Oh. That explains everything. And here I was questioning your nobility.
I guess the money must've fell off one of your trucks every morning and they "found" it

Posted by: tu3031   2006-10-03 23:27  

#11  Eric Idle's version:

All things dull and ugly,
All creatures short and squat,
All things rude and nasty,
The Lord God made the lot.

Each little snake that poisons,
Each little wasp that stings,
He made their brutish venom.
He made their horrid wings.

All things sick and cancerous,
All evil great and small,
All things foul and dangerous,
The Lord God made them all.

Each nasty little hornet,
Each beastly little squid--
Who made the spikey urchin?
Who made the sharks? He did!

All things scabbed and ulcerous,
All pox both great and small,
Putrid, foul and gangrenous,
The Lord God made them all.

Amen.
Posted by: Chaiger Sluper9927   2006-10-03 23:20  

#10  Paging Capt. Renault...
Posted by: Chaiger Sluper9927   2006-10-03 23:17  

#9  This is old news with UNICEF.
Posted by: newc   2006-10-03 20:39  

#8  So, when UN staffers steal, it's to prevent the money falling into the hands of extemists?
Posted by: gromgoru   2006-10-03 20:24  

#7  

But at one of their schools in the town of Mansehra - set up initially with the help of the United Nations Children's Fund, Unicef - primary children were singing a song at morning assembly which many might find disturbing.

It includes the line: "When people deny our faith, ask them to convert and if they don't, destroy them utterly."

I asked the Jamaat ud-Dawa spokesman, Abdullah Montazzer, why they were teaching such bloodthirsty songs to young children.

"No, they weren't singing that," he said. "Lots of infidels came in the aid effort and they weren't harmed. I don't believe these kids were singing these kind of songs."


I used to sing "All things bright and beautiful" at morning assembly - don't remember the destroyin' bits that well...

But I've changed over the last five years ... :>
Posted by: Tony (UK)   2006-10-03 20:17  

#6  "No, we never worked with them. We were active in the camps that were run by them,"
Jan must have taken semantics lessons from Slick Willie.
Posted by: Darrell   2006-10-03 19:36  

#5  No more aid of any sort to Muslim majority countries. Period. This is an established pattern and we are morons to think there is any way of changing it save by regime change and visiting death upon all practicioners of extemist Islam. Pakistan's earthquake aid will be used to breed up an entire generation of orphaned youth into becoming another human arsenal of murderous fanatics. These orphaned children are among the absolutely most vulnerable of all to psychotic Islamic programming. Better they should have died of exposure and famine than to wreak even more atrocities upon this world in the name of their detestable religion.
Posted by: Zenster   2006-10-03 18:53  

#4  the government of Pakistan promised that all such children would be looked after either by their extended family or the state.

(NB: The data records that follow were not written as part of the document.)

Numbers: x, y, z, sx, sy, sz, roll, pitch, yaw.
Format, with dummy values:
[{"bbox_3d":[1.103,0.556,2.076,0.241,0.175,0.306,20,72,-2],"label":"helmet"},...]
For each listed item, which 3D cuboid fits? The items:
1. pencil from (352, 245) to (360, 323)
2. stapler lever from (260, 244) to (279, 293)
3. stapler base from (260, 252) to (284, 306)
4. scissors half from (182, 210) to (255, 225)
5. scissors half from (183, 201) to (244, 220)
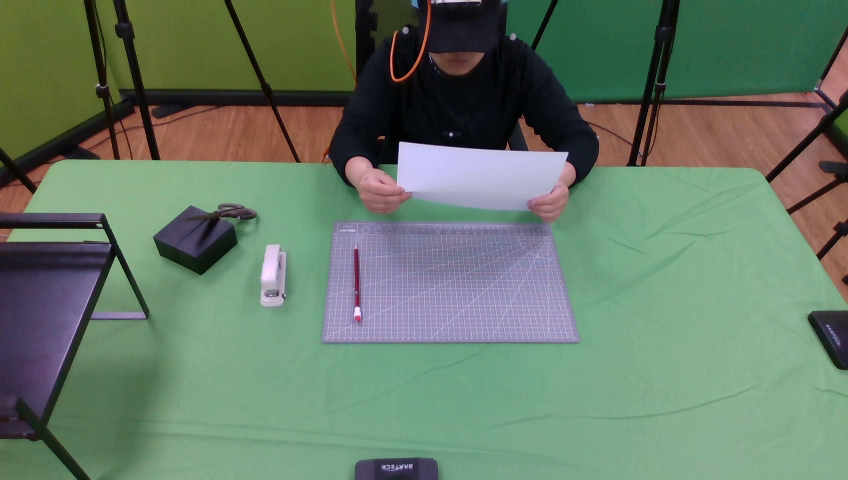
[{"bbox_3d":[-0.127,0.076,1.120,0.012,0.012,0.192,-2,44,-7],"label":"pencil"},{"bbox_3d":[-0.279,0.045,1.096,0.027,0.040,0.117,-2,44,-9],"label":"stapler lever"},{"bbox_3d":[-0.279,0.064,1.113,0.041,0.024,0.129,-1,44,-9],"label":"stapler base"},{"bbox_3d":[-0.389,-0.042,1.158,0.040,0.013,0.175,41,21,22],"label":"scissors half"},{"bbox_3d":[-0.405,-0.054,1.163,0.040,0.013,0.175,29,18,7],"label":"scissors half"}]

No problem - the extreamists *are* the state.

"No, we never worked with them. We were active in the camps that were run by them," he told the BBC's File on Four programme.

That doesn't parse. You are active in their camps but never worked with them... umm... yeah.... ok....
Posted by: CrazyFool   2006-10-03 17:28  

#3  In other words...

The people who depend on the aid will still be screwed next time since little aid will show up.
Posted by: DarthVader   2006-10-03 17:19  

#2  in other news, water is wet.
Posted by: Barbara Skolaut   2006-10-03 17:06  

#1  How can this be? It just can't be?